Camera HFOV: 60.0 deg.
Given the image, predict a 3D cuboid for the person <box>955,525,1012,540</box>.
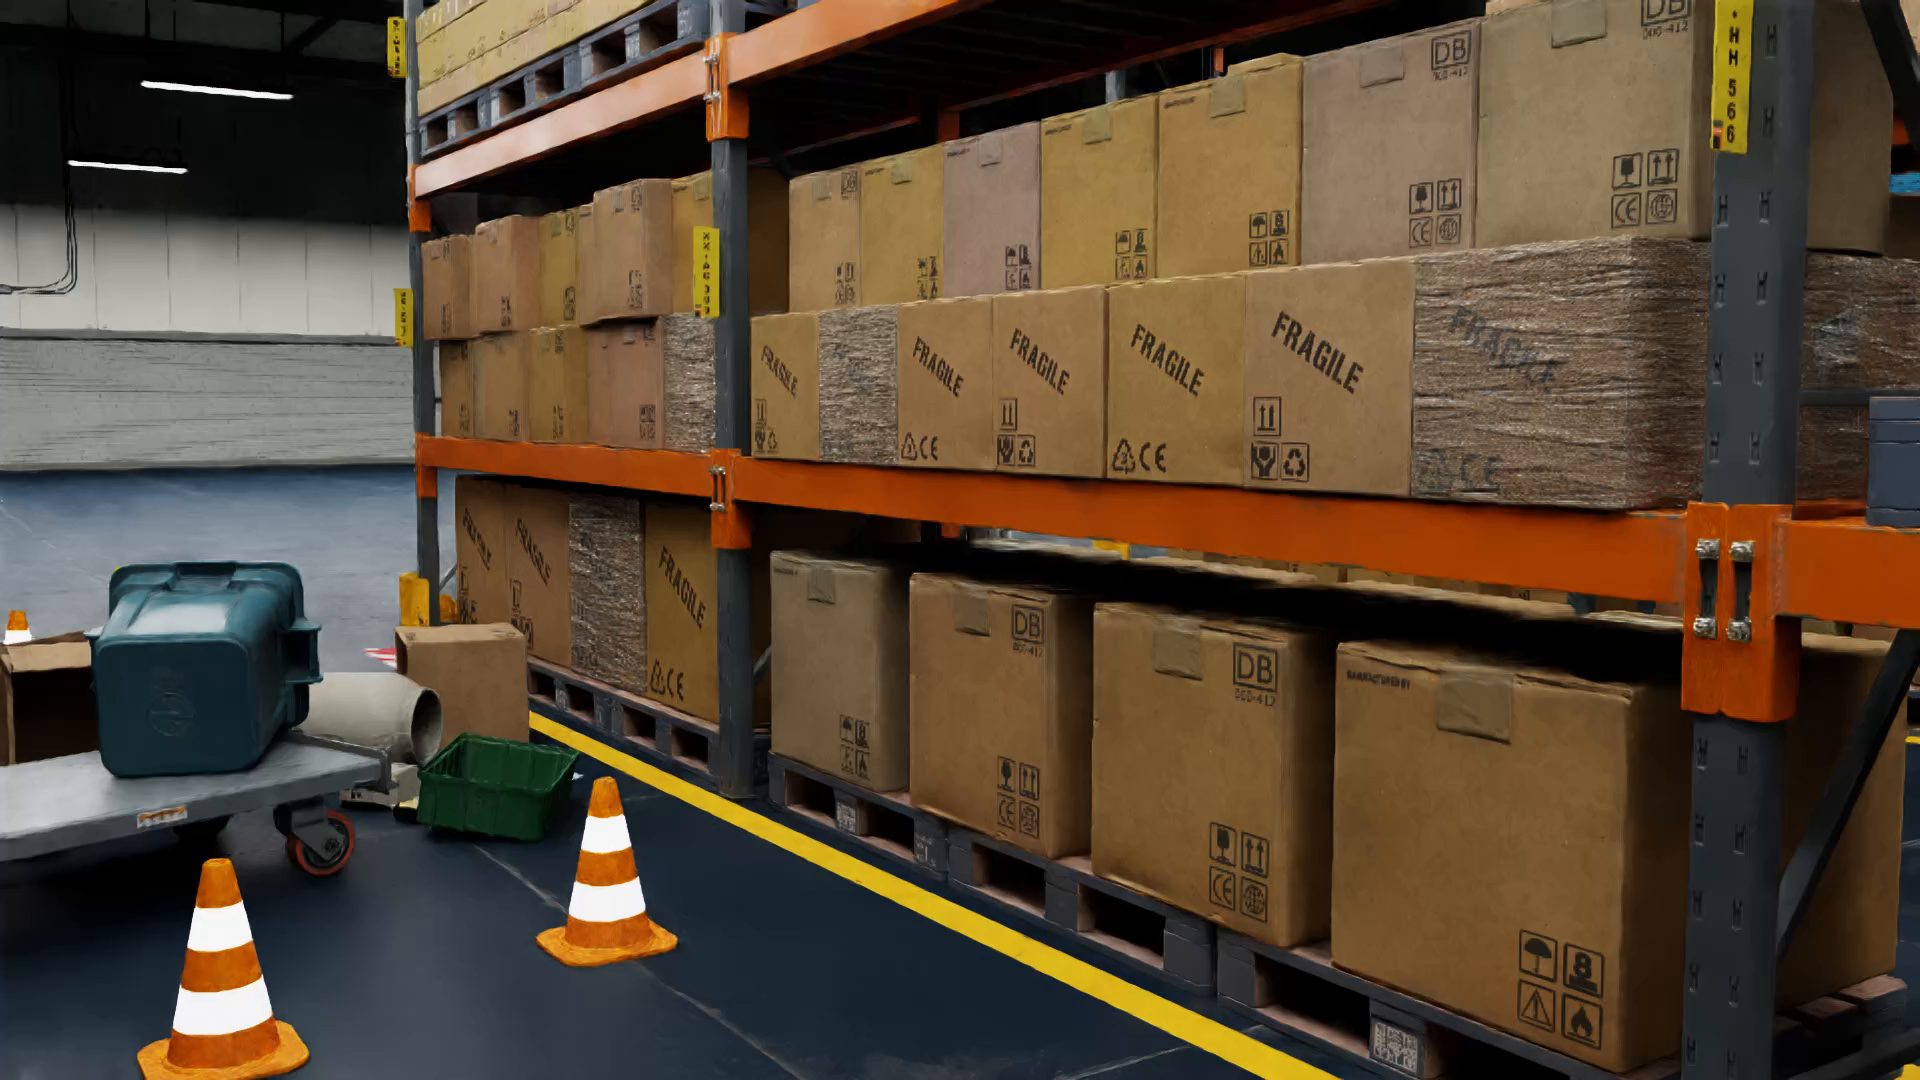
[{"bbox_3d":[0.063,-0.111,9.105,0.514,1.667,0.486,0,5,-1],"label":"person"}]
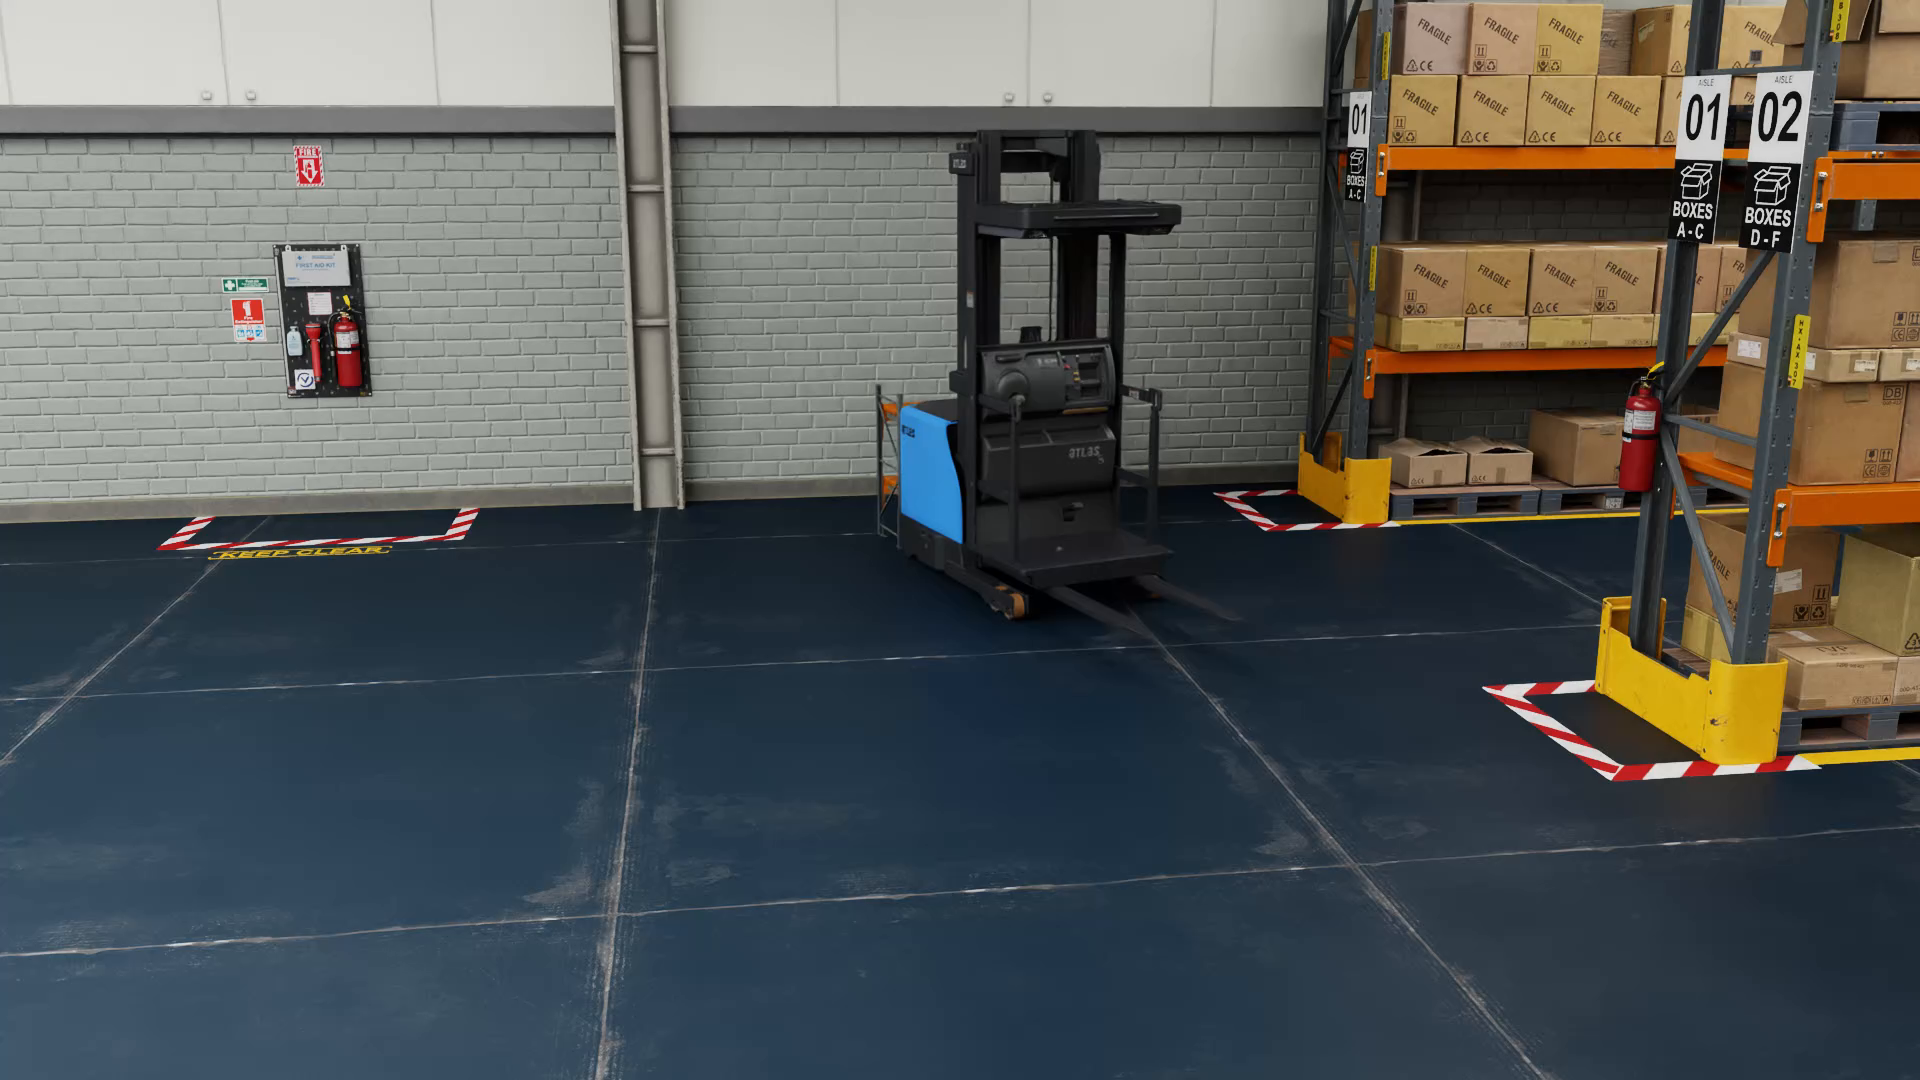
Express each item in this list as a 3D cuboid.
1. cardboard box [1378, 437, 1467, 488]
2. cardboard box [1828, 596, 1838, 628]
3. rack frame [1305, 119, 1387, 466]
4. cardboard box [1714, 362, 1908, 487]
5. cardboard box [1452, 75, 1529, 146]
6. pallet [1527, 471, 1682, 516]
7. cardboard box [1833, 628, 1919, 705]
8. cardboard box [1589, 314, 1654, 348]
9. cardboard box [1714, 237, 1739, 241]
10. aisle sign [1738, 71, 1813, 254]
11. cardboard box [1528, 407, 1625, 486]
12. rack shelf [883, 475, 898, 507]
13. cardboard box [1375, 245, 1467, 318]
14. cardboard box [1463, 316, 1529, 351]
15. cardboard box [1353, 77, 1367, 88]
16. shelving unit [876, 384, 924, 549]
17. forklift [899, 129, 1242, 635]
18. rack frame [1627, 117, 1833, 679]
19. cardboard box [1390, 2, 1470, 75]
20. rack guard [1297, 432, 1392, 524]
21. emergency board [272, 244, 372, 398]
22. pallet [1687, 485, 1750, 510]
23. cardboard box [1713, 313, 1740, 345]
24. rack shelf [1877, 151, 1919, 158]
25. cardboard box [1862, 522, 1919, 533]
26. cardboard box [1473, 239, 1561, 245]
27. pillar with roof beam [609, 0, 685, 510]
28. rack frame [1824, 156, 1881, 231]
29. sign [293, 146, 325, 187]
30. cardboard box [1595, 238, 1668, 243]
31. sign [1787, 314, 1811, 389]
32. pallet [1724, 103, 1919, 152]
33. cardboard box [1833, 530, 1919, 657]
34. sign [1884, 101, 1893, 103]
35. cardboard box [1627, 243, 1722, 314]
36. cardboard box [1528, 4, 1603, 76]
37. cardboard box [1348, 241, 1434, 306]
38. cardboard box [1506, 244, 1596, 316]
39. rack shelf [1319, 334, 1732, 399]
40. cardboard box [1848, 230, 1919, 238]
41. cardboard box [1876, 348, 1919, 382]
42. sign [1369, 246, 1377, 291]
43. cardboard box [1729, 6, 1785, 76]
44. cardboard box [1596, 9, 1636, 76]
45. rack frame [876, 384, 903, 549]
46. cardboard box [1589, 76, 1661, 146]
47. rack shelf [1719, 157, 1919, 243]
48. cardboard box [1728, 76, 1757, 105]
[{"bbox_3d":[3.663,-0.629,13.187,0.500,0.311,0.500,-4,15,-15],"label":"cardboard box"},{"bbox_3d":[4.686,0.493,8.877,0.500,0.250,0.500,-2,14,-8],"label":"cardboard box"},{"bbox_3d":[2.965,-1.716,12.900,0.127,3.000,1.000,-2,14,-8],"label":"rack frame"},{"bbox_3d":[4.171,-0.587,8.192,0.500,0.500,0.700,-2,14,-8],"label":"cardboard box"},{"bbox_3d":[3.870,-3.192,12.372,0.500,0.500,0.500,-1,14,-5],"label":"cardboard box"},{"bbox_3d":[5.053,-0.431,13.506,1.213,0.211,1.003,-2,14,-8],"label":"pallet"},{"bbox_3d":[4.764,0.620,8.372,0.500,0.250,0.500,-2,14,-8],"label":"cardboard box"},{"bbox_3d":[5.011,-1.652,12.909,0.500,0.250,0.500,-2,14,-8],"label":"cardboard box"},{"bbox_3d":[6.425,-2.195,13.535,0.500,0.500,0.500,-2,14,-10],"label":"cardboard box"},{"bbox_3d":[3.688,-1.710,7.529,0.004,0.787,0.394,-2,14,-8],"label":"aisle sign"},{"bbox_3d":[4.960,-0.756,13.304,0.500,0.500,0.700,-3,14,-12],"label":"cardboard box"},{"bbox_3d":[-0.037,-0.345,12.291,1.000,0.278,0.538,-6,15,-21],"label":"rack shelf"},{"bbox_3d":[3.482,-1.962,12.605,0.500,0.500,0.500,-2,14,-8],"label":"cardboard box"},{"bbox_3d":[4.007,-1.617,12.770,0.500,0.250,0.500,-3,14,-10],"label":"cardboard box"},{"bbox_3d":[3.340,-3.306,12.823,0.500,0.500,0.500,-1,14,-4],"label":"cardboard box"},{"bbox_3d":[-0.037,-0.582,12.231,1.048,1.125,0.538,-6,15,-21],"label":"shelving unit"},{"bbox_3d":[0.661,-1.050,10.384,1.130,2.935,3.031,-7,16,-25],"label":"forklift"},{"bbox_3d":[3.707,-0.525,8.149,0.127,3.000,1.000,-2,14,-8],"label":"rack frame"},{"bbox_3d":[3.383,-3.670,12.221,0.500,0.500,0.500,-3,14,-12],"label":"cardboard box"},{"bbox_3d":[3.041,-0.507,13.215,0.348,0.500,1.175,-2,14,-8],"label":"rack guard"},{"bbox_3d":[-4.854,-1.652,12.643,0.643,1.169,0.194,-2,14,-8],"label":"emergency board"},{"bbox_3d":[6.262,-0.476,13.686,1.213,0.211,1.003,-2,14,-8],"label":"pallet"},{"bbox_3d":[6.004,-1.692,13.070,0.500,0.250,0.500,-2,14,-8],"label":"cardboard box"},{"bbox_3d":[8.899,-3.040,13.489,4.000,0.370,1.077,-2,14,-8],"label":"rack shelf"},{"bbox_3d":[5.180,0.110,8.863,0.500,0.500,0.500,-2,14,-8],"label":"cardboard box"},{"bbox_3d":[4.410,-2.121,13.238,0.500,0.500,0.500,-2,14,-10],"label":"cardboard box"},{"bbox_3d":[-1.763,-3.607,8.105,0.400,9.000,9.100,-2,14,-8],"label":"pillar with roof beam"},{"bbox_3d":[6.921,-1.861,13.478,0.127,3.000,1.000,-2,14,-8],"label":"rack frame"},{"bbox_3d":[-4.876,-2.800,12.455,0.199,0.298,0.001,-2,14,-8],"label":"sign"},{"bbox_3d":[5.419,-2.161,13.397,0.500,0.500,0.500,-2,14,-7],"label":"cardboard box"},{"bbox_3d":[3.784,-0.850,7.501,0.005,0.325,0.100,-2,14,-8],"label":"sign"},{"bbox_3d":[4.410,-1.956,7.872,1.213,0.211,1.003,-2,14,-8],"label":"pallet"},{"bbox_3d":[4.765,0.257,8.279,0.500,0.500,0.500,-2,14,-8],"label":"cardboard box"},{"bbox_3d":[7.009,-3.437,12.531,0.005,0.325,0.100,-2,14,-8],"label":"sign"},{"bbox_3d":[5.507,-2.035,12.897,0.500,0.500,0.500,-3,14,-10],"label":"cardboard box"},{"bbox_3d":[4.391,-3.697,12.330,0.500,0.500,0.500,-2,14,-7],"label":"cardboard box"},{"bbox_3d":[3.400,-2.085,13.096,0.500,0.500,0.500,-2,14,-9],"label":"cardboard box"},{"bbox_3d":[4.484,-1.995,12.735,0.500,0.500,0.500,-3,14,-10],"label":"cardboard box"},{"bbox_3d":[4.943,-1.440,13.276,4.000,0.370,1.077,-2,14,-8],"label":"rack shelf"},{"bbox_3d":[4.742,-1.239,8.123,0.500,0.500,0.700,-2,14,-10],"label":"cardboard box"},{"bbox_3d":[4.388,-0.861,7.949,0.250,0.149,0.380,-2,14,-10],"label":"cardboard box"},{"bbox_3d":[3.046,-2.006,12.274,0.005,0.325,0.100,-2,14,-8],"label":"sign"},{"bbox_3d":[5.922,-3.754,12.554,0.500,0.500,0.500,-1,14,-5],"label":"cardboard box"},{"bbox_3d":[4.880,-3.844,12.916,0.500,0.500,0.500,-2,14,-8],"label":"cardboard box"},{"bbox_3d":[-0.507,-0.536,12.045,0.032,1.125,0.500,-6,15,-21],"label":"rack frame"},{"bbox_3d":[4.909,-3.237,12.549,0.500,0.500,0.500,-1,14,-5],"label":"cardboard box"},{"bbox_3d":[5.685,-1.703,8.161,4.000,0.370,1.077,-2,14,-8],"label":"rack shelf"},{"bbox_3d":[5.956,-3.282,12.727,0.500,0.500,0.500,-3,14,-13],"label":"cardboard box"}]
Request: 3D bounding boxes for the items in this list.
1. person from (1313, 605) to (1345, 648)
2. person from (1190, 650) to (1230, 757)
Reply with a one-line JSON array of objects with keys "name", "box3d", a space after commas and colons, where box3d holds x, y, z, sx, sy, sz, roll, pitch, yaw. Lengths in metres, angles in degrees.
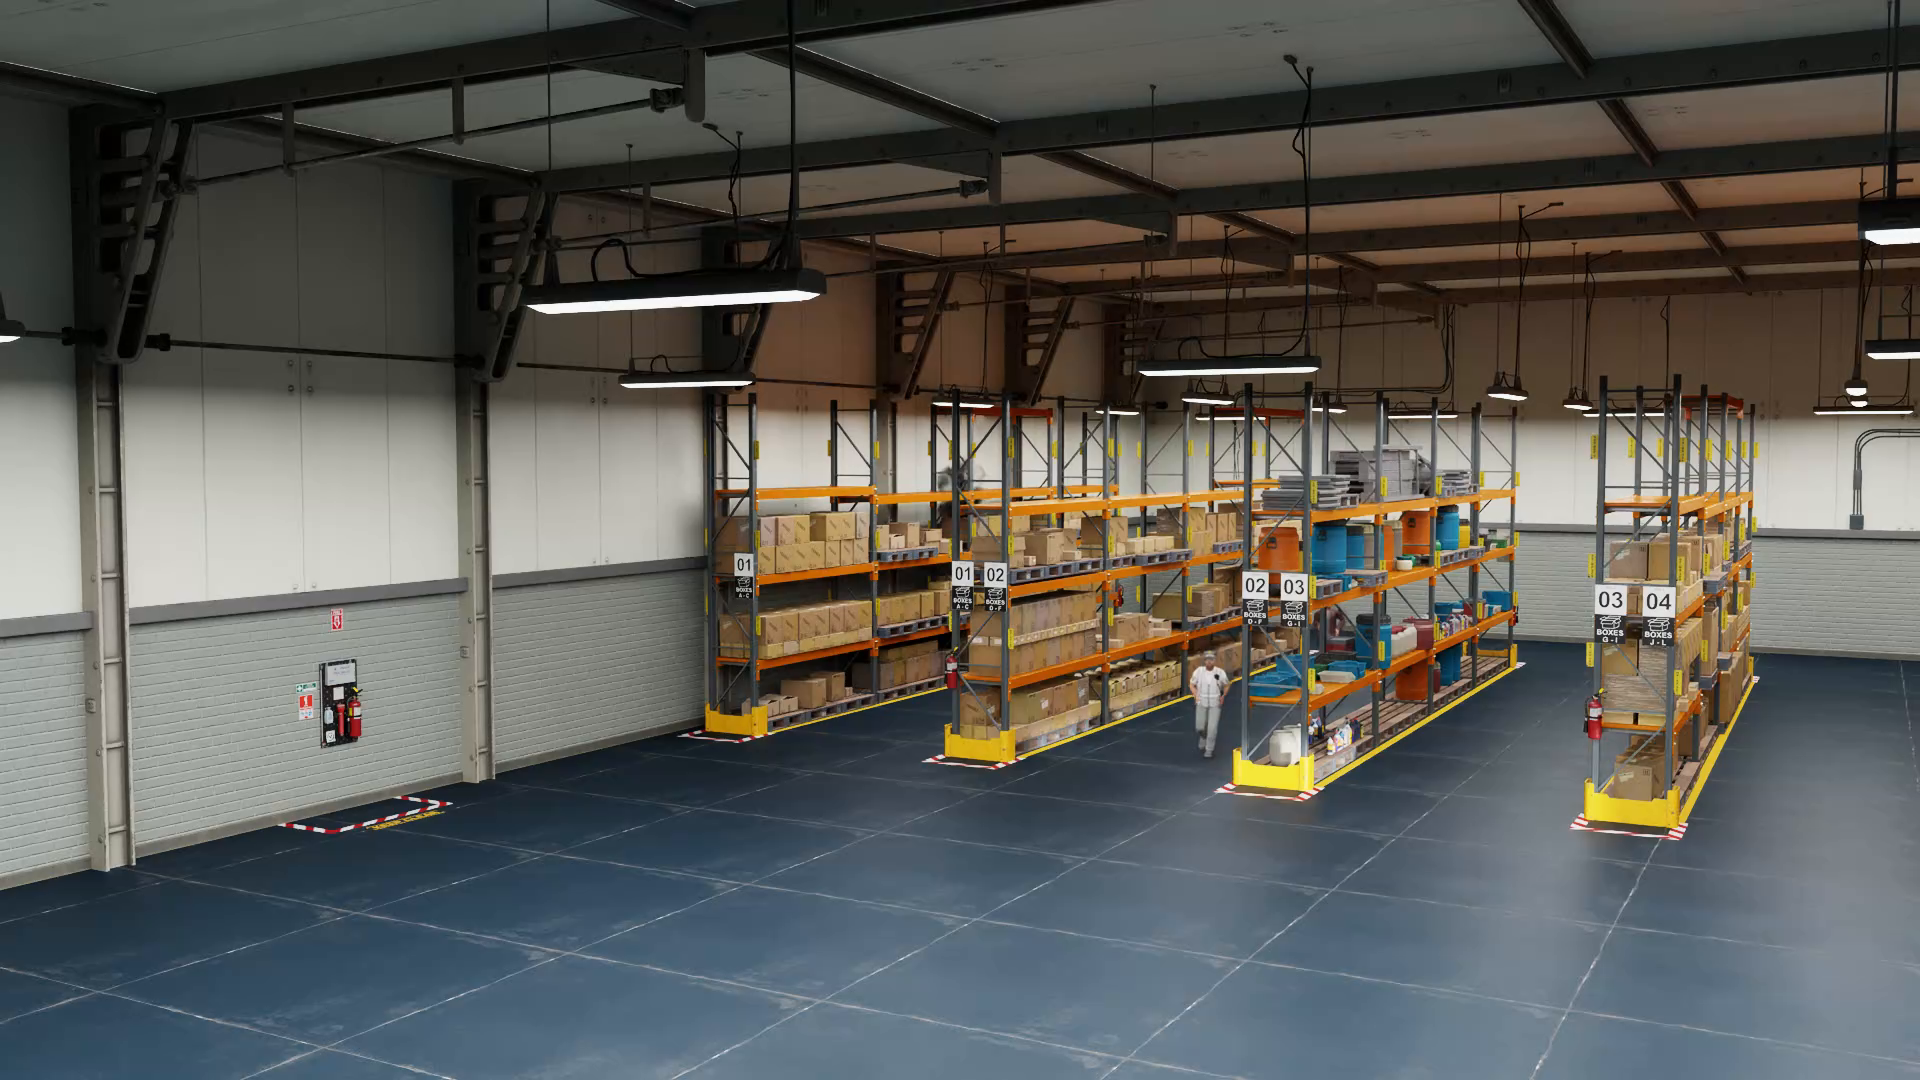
★ ★ ★
_PROBLEM DESCRIPTION_. Repeat exactly, and only, the entries from the line with "Given the image, predict" through the line with "7. cardboard box [1833, 628, 1919, 705]". Pictures are skipped.

_COMPLETED EXERCISE_.
Given the image, predict a 3D cuboid for the person <box>955,525,1012,540</box>.
[{"bbox_3d":[0.063,-0.111,9.105,0.514,1.667,0.486,0,5,-1],"label":"person"}]
Express each item in this list as a 3D cuboid.
1. cardboard box [1378, 437, 1467, 488]
2. cardboard box [1828, 596, 1838, 628]
3. rack frame [1305, 119, 1387, 466]
4. cardboard box [1714, 362, 1908, 487]
5. cardboard box [1452, 75, 1529, 146]
6. pallet [1527, 471, 1682, 516]
7. cardboard box [1833, 628, 1919, 705]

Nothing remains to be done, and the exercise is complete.